RP: That creates a really interesting analogy, because I think of how art historians and curators today ‘sit’ on knowledge, reprocessing it, time and time again, and it is seen as acceptable, but frustrating for the future of the arts.

JS: My interest is sound but simple.

RP: You talked at the beginning of our conversation about when you were meeting people in the desert for the first time. Some of the most incredible encounters we have in our lives can be with strangers.

JS: I wish you were with us when we were walking down, seeing these young children coming to us with a big smile, offering us something to eat and drink. For me it was more important for us than reading articles and books on the region, or whatever it might be, because it was bringing us together on a human level. What does it mean? To be honest, it is about family.

RP: I think in the centre of a city, Paris, in the middle of London or Antwerp, those connections are easily lost or can become very alien as you said.

JS: It is a global thing, and it is what makes it so beautiful coming here. It is about finding a way, a solution, and about constantly repositioning and reinventing oneself, to experience something different.

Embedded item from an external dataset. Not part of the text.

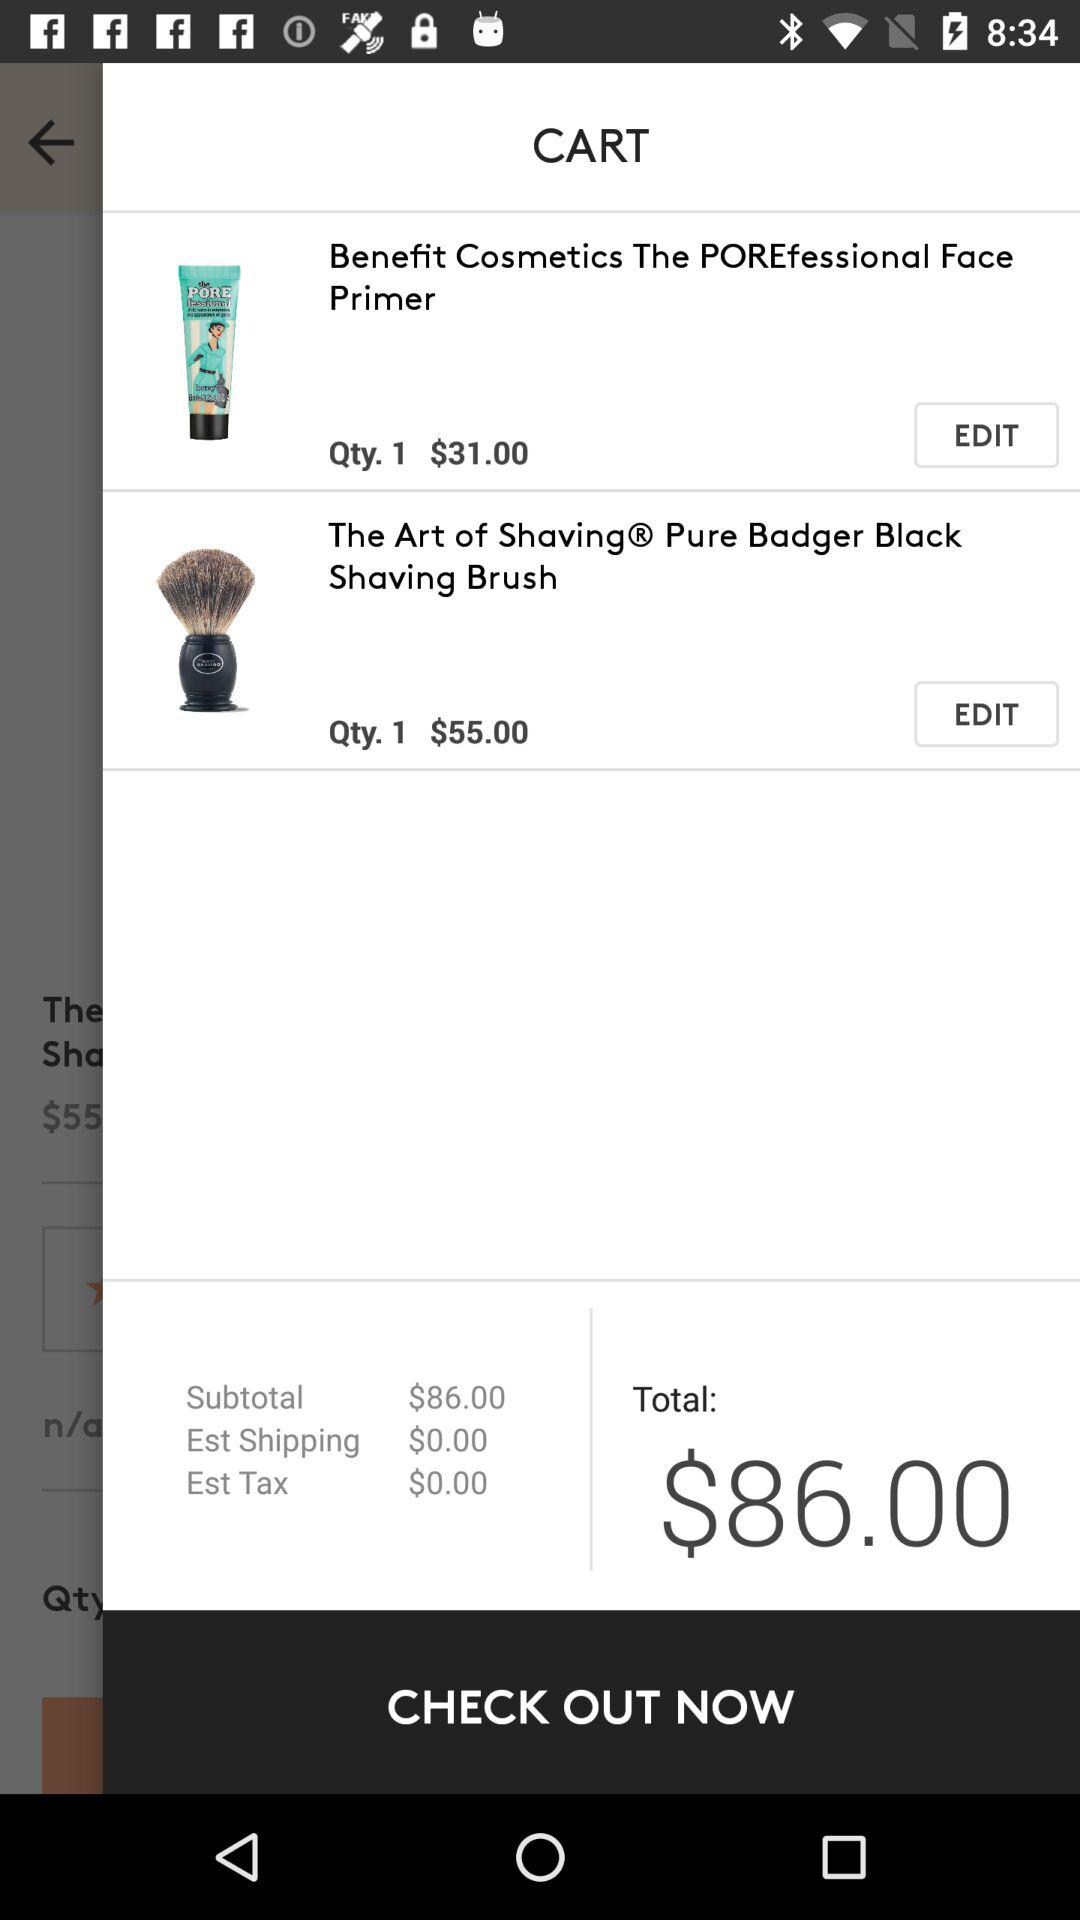What is the total amount? The total amount is $86.00.

RP: And then in terms of the artists that were selected here in Saudi Arabia for Noor Riyadh, what kinds of decisions were you making, in terms of who you were choosing? And was that something that you and your colleagues were discussing for some time? And by that, I want to understand if you are constantly being made aware of new artists.

JS: Normally, when I work with artists I consider and act by a ‘long run’. I always want to work with artisans who want plenty.

RP: Interesting.

JS: I see it like a relationship with a friend. For me, art is about how to be with a new person, with whom you have the chance to permanently create a new chapter of your life. I never understood the idea of doing one show with an artist, and then never seeing that artist again, or never working with them again. I always want the possibility for more, always running for the chance to work once, twice, and possibly three times with the same artist. Why not? Each encounter is a new chapter. So here I wanted to invite many artists that I have worked with before. Everything is intended as very organic, encouraged by new contexts. But most of the artists I have worked with have come here.

RP: The strongest thing here is the involvement of light, natural and artificial.

JS: The day and night light is impressive, almost unbelievable at times.

RP: So you see the artist’s work from two different perspectives; in natural light appearing lesser, and more illuminated at night.

JS: Here everything is at night, and Noor Riyadh is to be experienced at night, mentally and physically, beyond the experiences you have during the day. The darkness allows for the works to come alive and offers so many different perspectives.